Because of the security problems of traditional containers, in 2015 Intel introduced a proprietary technology based on Clear Containers virtual machines. Clear Containers are based on Intel VT virtualization hardware technology and the highly modified QEMU-KVM qemu-lite hypervisor. At the end of 2017, the Clear Containers project joined Hyper RunV, a hypervisor-based OCI, and began developing the Kata project. Inheriting all the properties of Clear Containers, Kata now supports a wider range of infrastructures and specifications.

Kata is fully integrated with OCI, the container runtime interface (CRI), and the network interface (CNI). It supports various types of network models (for example, passthrough, MacVTap, bridge, tc mirroring) and custom guest kernels, so that all applications that require special network models or kernel versions can work on it. Picture below shows how containers inside Kata virtual machines interact with existing orchestration platforms.

 

The Kata host has a startup and configuration environment. For each container in the Kata virtual machine, the host has a corresponding Kata Shim, which receives API requests from clients (for example, docker or kubectl) and routes requests to the agent inside the virtual machine through VSock. Additionally, Kata optimizes download times. NEMU is a lightweight version of QEMU from which ~ 80% of devices and packages have been removed. VM-Templating creates a clone of a running Kata VM instance and shares it with other just created VMs. This significantly reduces the loading time and memory consumption of the guest machine, but can lead to vulnerabilities for side-channel attacks, for example, according to CVE-2015-2877. The ability to connect on spot allows the VM to boot with a minimum amount of resources (for example, CPU, memory, virtio block), and later add the missing on demand.

Kata and Firecracker containers are virtual machine sandbox technology designed for cloud applications. They have one goal, but different approaches. Firecracker is a specialized hypervisor that creates a secure virtualization environment for guest OSs, while Kata containers are lightweight virtual machines that are well optimized for their tasks. There have been attempts to launch Kata containers on Firecracker. Although this idea is still in the experimental stage, it could potentially combine the best features of the two projects.

Conclusion

We examined several solutions whose purpose is to help with the problem of poor isolation of modern container technologies.

IBM Nabla is a unikernel-based solution that packs applications into a dedicated virtual machine.

Google gVisor is a combination of the specialized core of the hypervisor and the guest OS that creates a secure interface between applications and their host.

Amazon Firecracker is a specialized hypervisor that provides each guest OS with a minimal set of hardware and nuclear resources.

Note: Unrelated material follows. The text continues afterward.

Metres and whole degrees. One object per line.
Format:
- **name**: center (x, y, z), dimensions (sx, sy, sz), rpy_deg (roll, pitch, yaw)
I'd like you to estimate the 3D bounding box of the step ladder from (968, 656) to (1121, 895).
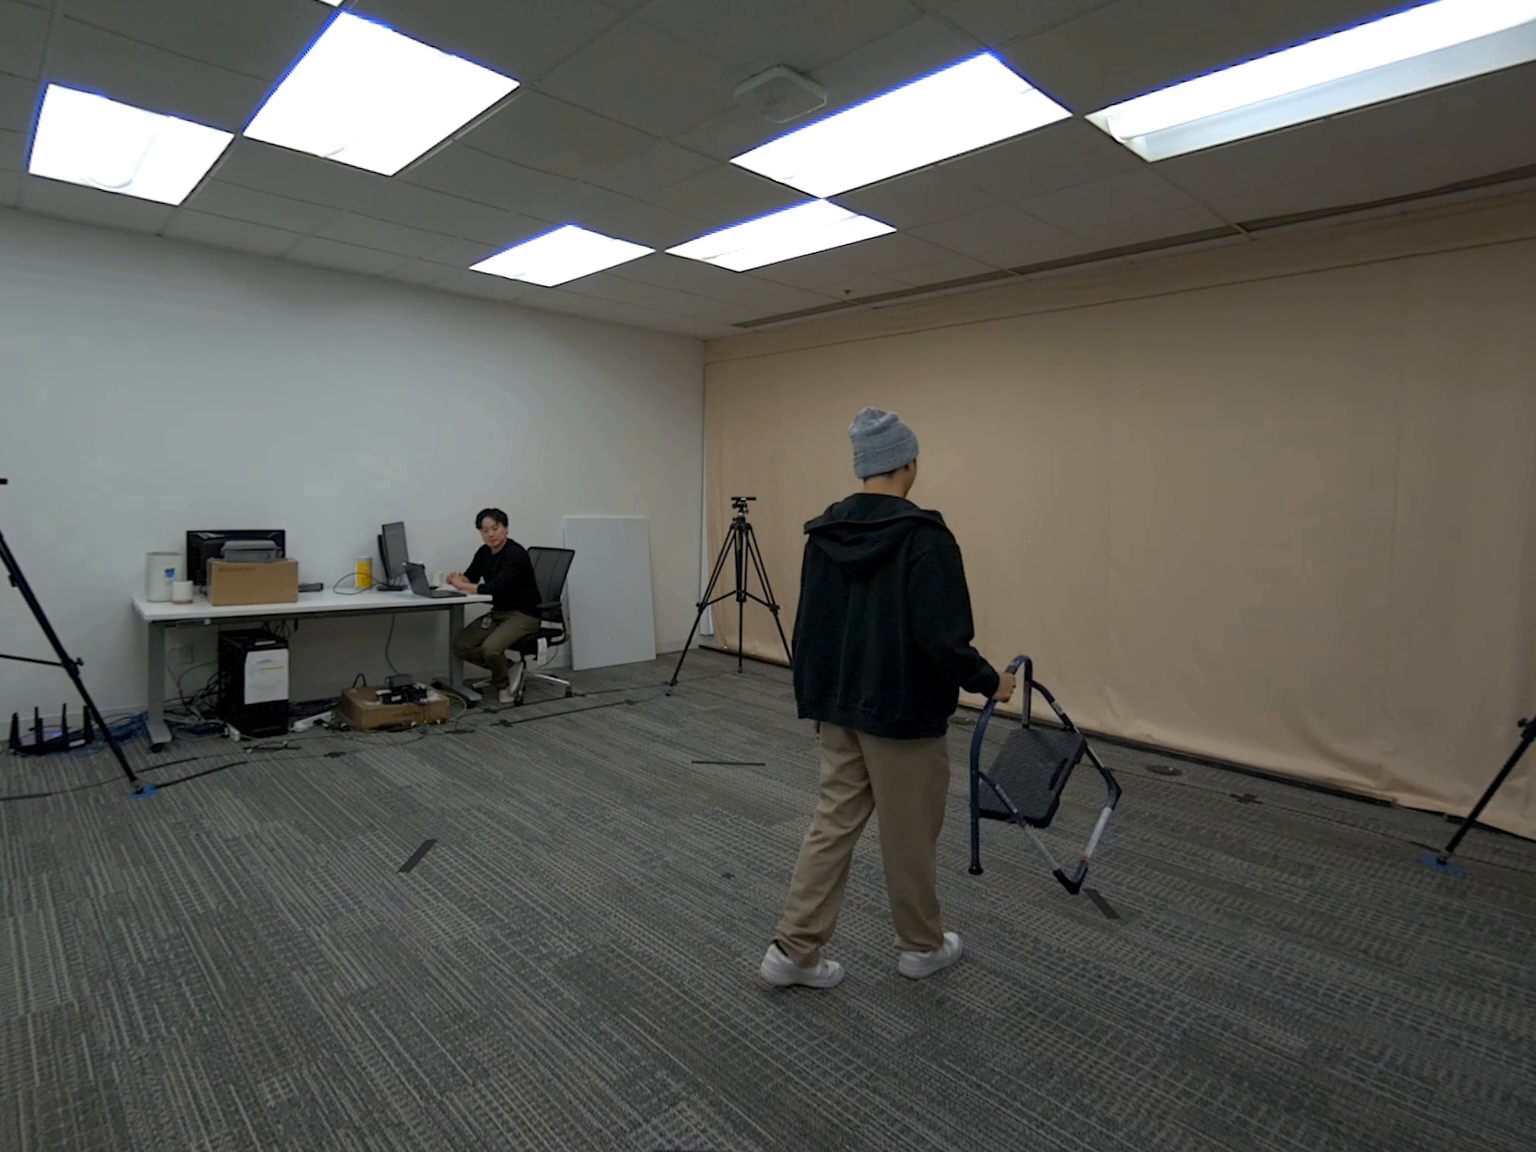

OpenStack Kata is a highly optimized virtual machine with a built-in container engine that can run on a variety of hypervisors.

It is difficult to say which of these solutions works best, since they all have their pros and cons. The table at the end of the article provides a parallel comparison of some important functions of all four projects. Nabla would be the best choice if you have applications running on unikernel systems such as MirageOS or IncludeOS. gVisor now integrates best with Docker and Kubernetes, but due to incomplete coverage of system calls, some applications are not compatible with it. Firecracker supports custom guest OS images and is a good choice if your applications should run in a configured virtual machine. Kata containers are fully compliant with the OCI standard and can run on either KVM or the Xen hypervisor. This can simplify the deployment of microservices on hybrid platforms.

It may take some time for one of the solutions to become the standard, but it’s good now that most of the large cloud providers have begun to look for solutions to existing problems.